I have another post planned for the end of this week, but I was too excited not to share some good news.
I’ve been pumping for about four months now, and for the first two months I always made just enough to keep up with Peyton – a “goldilocks”. Then in December, my supply dipped. I think it was a combination of getting sick, the stress of going back to work in January, and Peyton going through a growth spurt. In January I ate lactation cookies almost everyday and power-pumped as much as I could, but I wasn’t seeing an increase. It was hard enough leaving Peyton everyday to go to work, and the added stress of not producing enough milk was overwhelming. She was quickly going through my entire frozen stash, which wasn’t much to begin with.
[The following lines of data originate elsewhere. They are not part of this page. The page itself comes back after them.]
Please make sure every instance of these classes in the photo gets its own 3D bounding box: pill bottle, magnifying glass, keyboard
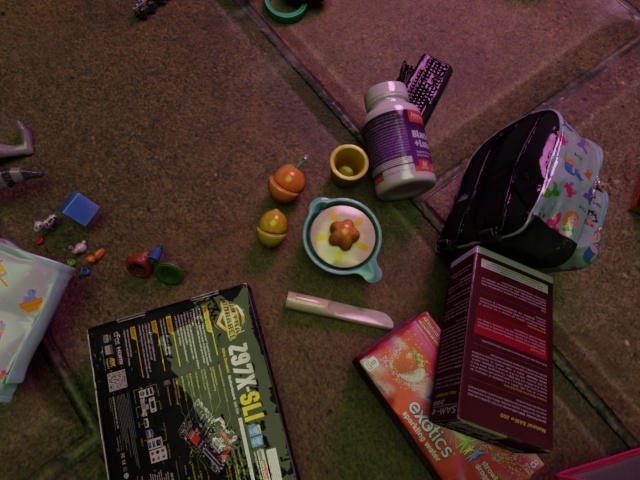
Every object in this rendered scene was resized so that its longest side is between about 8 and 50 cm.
[{"bbox_3d":[0.134,-0.178,0.769,0.108,0.108,0.193,-9,78,-3],"label":"pill bottle"},{"bbox_3d":[-0.092,-0.570,0.935,0.092,0.026,0.230,-16,73,-5],"label":"magnifying glass"},{"bbox_3d":[0.187,-0.296,0.849,0.100,0.038,0.191,26,74,7],"label":"keyboard"}]

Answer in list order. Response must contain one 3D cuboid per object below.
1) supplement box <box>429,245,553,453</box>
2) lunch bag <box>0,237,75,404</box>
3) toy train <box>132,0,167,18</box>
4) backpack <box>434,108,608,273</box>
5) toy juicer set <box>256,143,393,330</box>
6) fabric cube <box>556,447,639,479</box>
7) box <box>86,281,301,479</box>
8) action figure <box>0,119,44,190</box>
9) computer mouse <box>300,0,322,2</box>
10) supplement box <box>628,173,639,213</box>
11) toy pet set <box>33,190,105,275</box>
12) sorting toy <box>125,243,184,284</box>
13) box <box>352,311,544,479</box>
[{"bbox_3d":[0.235,0.141,0.579,0.131,0.073,0.239,23,60,-7],"label":"supplement box"},{"bbox_3d":[-0.529,0.105,0.660,0.263,0.160,0.223,16,73,10],"label":"lunch bag"},{"bbox_3d":[-0.340,-0.529,0.919,0.036,0.027,0.158,40,76,14],"label":"toy train"},{"bbox_3d":[0.324,-0.069,0.688,0.191,0.225,0.253,25,71,-16],"label":"backpack"},{"bbox_3d":[0.000,0.000,0.726,0.210,0.089,0.328,-7,76,-7],"label":"toy juicer set"},{"bbox_3d":[0.488,0.402,0.489,0.254,0.259,0.257,4,71,-26],"label":"fabric cube"},{"bbox_3d":[-0.194,0.253,0.659,0.258,0.079,0.321,-16,74,-7],"label":"box"},{"bbox_3d":[-0.653,-0.077,0.681,0.330,0.341,0.178,-36,116,-3],"label":"action figure"},{"bbox_3d":[-0.094,-0.545,0.896,0.242,0.041,0.071,7,75,2],"label":"computer mouse"},{"bbox_3d":[0.670,-0.137,0.722,0.129,0.194,0.191,26,75,7],"label":"supplement box"},{"bbox_3d":[-0.432,-0.020,0.745,0.122,0.065,0.114,30,75,8],"label":"toy pet set"},{"bbox_3d":[-0.281,0.037,0.741,0.102,0.061,0.042,12,39,-4],"label":"sorting toy"},{"bbox_3d":[0.173,0.247,0.637,0.128,0.122,0.256,-34,78,-10],"label":"box"}]
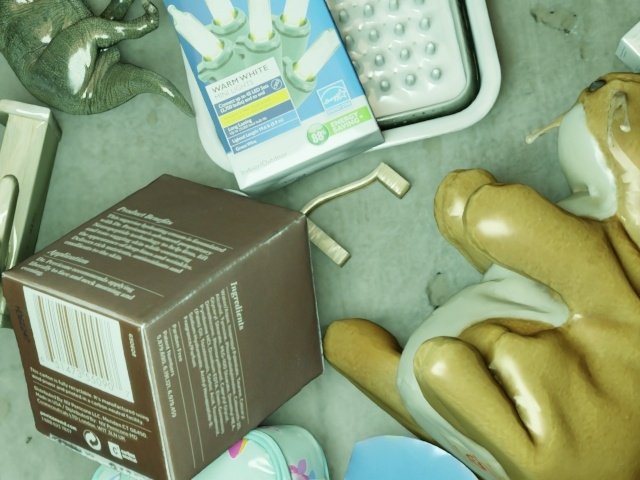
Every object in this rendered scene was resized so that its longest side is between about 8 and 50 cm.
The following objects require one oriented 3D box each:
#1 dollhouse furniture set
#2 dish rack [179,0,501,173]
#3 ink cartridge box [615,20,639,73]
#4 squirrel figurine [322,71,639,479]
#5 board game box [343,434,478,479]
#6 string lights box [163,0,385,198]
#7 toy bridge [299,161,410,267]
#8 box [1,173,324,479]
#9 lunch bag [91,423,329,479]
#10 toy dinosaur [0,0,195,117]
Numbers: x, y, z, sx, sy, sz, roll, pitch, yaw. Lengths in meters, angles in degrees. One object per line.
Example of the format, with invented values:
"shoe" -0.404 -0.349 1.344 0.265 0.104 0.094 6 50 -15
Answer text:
"dollhouse furniture set" -0.406 -0.049 1.292 0.303 0.286 0.198 11 84 -4
"dish rack" 0.004 -0.236 1.382 0.285 0.072 0.333 -12 82 3
"ink cartridge box" 0.353 -0.162 1.345 0.099 0.056 0.135 -43 81 -1
"squirrel figurine" 0.268 0.065 1.257 0.397 0.281 0.370 41 78 -5
"board game box" 0.084 0.240 1.316 0.133 0.033 0.169 24 121 16
"string lights box" -0.055 -0.183 1.309 0.133 0.077 0.260 -24 82 4
"toy bridge" 0.000 0.000 1.377 0.063 0.026 0.188 41 89 11
"box" -0.127 0.072 1.243 0.168 0.203 0.167 17 127 36
"lunch bag" -0.091 0.310 1.287 0.224 0.108 0.279 -13 80 24
"toy dinosaur" -0.243 -0.194 1.396 0.313 0.121 0.160 39 100 4
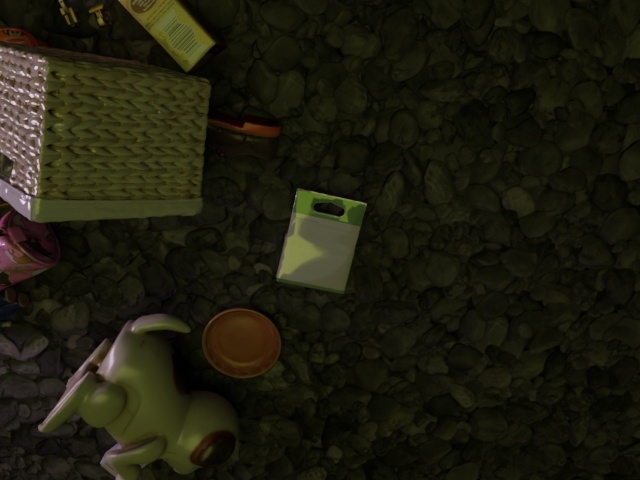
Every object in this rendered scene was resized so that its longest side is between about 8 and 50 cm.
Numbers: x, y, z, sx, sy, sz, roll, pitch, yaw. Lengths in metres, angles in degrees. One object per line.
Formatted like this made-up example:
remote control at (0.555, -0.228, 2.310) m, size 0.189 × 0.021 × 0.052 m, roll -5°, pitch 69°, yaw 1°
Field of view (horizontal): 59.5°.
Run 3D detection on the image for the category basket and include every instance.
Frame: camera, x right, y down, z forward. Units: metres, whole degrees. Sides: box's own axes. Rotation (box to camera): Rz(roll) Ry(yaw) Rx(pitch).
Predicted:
basket at (-0.428, -0.206, 1.046) m, size 0.331 × 0.328 × 0.266 m, roll -8°, pitch 115°, yaw -45°

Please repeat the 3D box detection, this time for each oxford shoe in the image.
oxford shoe at (-0.226, -0.229, 1.226) m, size 0.271 × 0.097 × 0.098 m, roll 9°, pitch 115°, yaw -4°

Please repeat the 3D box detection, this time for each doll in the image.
doll at (-0.805, 0.182, 1.364) m, size 0.189 × 0.046 × 0.129 m, roll -27°, pitch 148°, yaw 10°

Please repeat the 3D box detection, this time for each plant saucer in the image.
plant saucer at (-0.199, 0.256, 1.426) m, size 0.200 × 0.037 × 0.200 m, roll 0°, pitch 110°, yaw 0°

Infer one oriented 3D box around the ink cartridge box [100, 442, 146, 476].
ink cartridge box at (-0.522, 0.588, 1.529) m, size 0.122 × 0.052 × 0.088 m, roll -39°, pitch 105°, yaw 10°

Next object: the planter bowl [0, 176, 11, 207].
planter bowl at (-0.674, -0.141, 1.225) m, size 0.217 × 0.217 × 0.090 m, roll 2°, pitch 151°, yaw -2°

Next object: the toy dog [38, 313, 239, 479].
toy dog at (-0.385, 0.401, 1.379) m, size 0.408 × 0.284 × 0.395 m, roll 43°, pitch 85°, yaw -16°

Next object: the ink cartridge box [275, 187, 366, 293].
ink cartridge box at (0.000, 0.000, 1.330) m, size 0.171 × 0.056 × 0.235 m, roll 12°, pitch 106°, yaw -6°

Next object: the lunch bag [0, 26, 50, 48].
lunch bag at (-0.698, -0.294, 1.153) m, size 0.293 × 0.120 × 0.258 m, roll -3°, pitch 99°, yaw -5°

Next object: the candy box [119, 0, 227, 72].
candy box at (-0.330, -0.476, 1.087) m, size 0.087 × 0.183 × 0.316 m, roll -40°, pitch 106°, yaw 10°

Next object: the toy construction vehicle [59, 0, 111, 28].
toy construction vehicle at (-0.494, -0.483, 1.159) m, size 0.086 × 0.035 × 0.098 m, roll -15°, pitch 109°, yaw 4°

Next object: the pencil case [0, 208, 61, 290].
pencil case at (-0.798, 0.061, 1.277) m, size 0.386 × 0.160 × 0.167 m, roll -23°, pitch 121°, yaw 9°

Reluctantly, at the end of January I decided I had to supplement with formula. In the breastfeeding community, formula often gets a bad rap. But babies have been fed formula for years, and when they grow, it’s impossible to tell the difference between a breast fed baby and a formula fed baby. It’s unfortunate that those of us who have to use it have to tell ourselves over and over again “It’s ok. There’s nothing wrong with giving her formula. Fed is best.”
At the same time, I realized I needed to reach out for more help if I was going to meet my pumping goals. I found a Facebook group for exclusive pumping moms, and it was the biggest relief in the world. It’s hard not to get emotional as I write this. (That’s being modest – I’m totally crying right now) Most breastfeeding groups don’t offer much support for long-term pumping moms. Most moms that directly nurse just don’t have enough pumping knowledge. In the EP group, I found moms who offered real solutions. They taught me that pumping doesn’t have to hurt or be uncomfortable, and it doesn’t have to consume your life.
Today, one month later, I have enough milk in the fridge to last Peyton all day, and it’s not even 10am. I have more milk in the freezer than I had before my supply dipped. Today, I don’t have to make a bottle of formula.
I’ve got a long road ahead if I want to keep pumping for Peyton’s entire first year. I know there will be times that my supply will dip again, and I know I might not be able to get it back next time. But today, we are celebrating. Today is a good day 💗
P.S. I’m writing this from home on a weekday because I am so sleep-deprived that I had to take a day off from work. Ah, the never-ending ups and downs of life with a baby!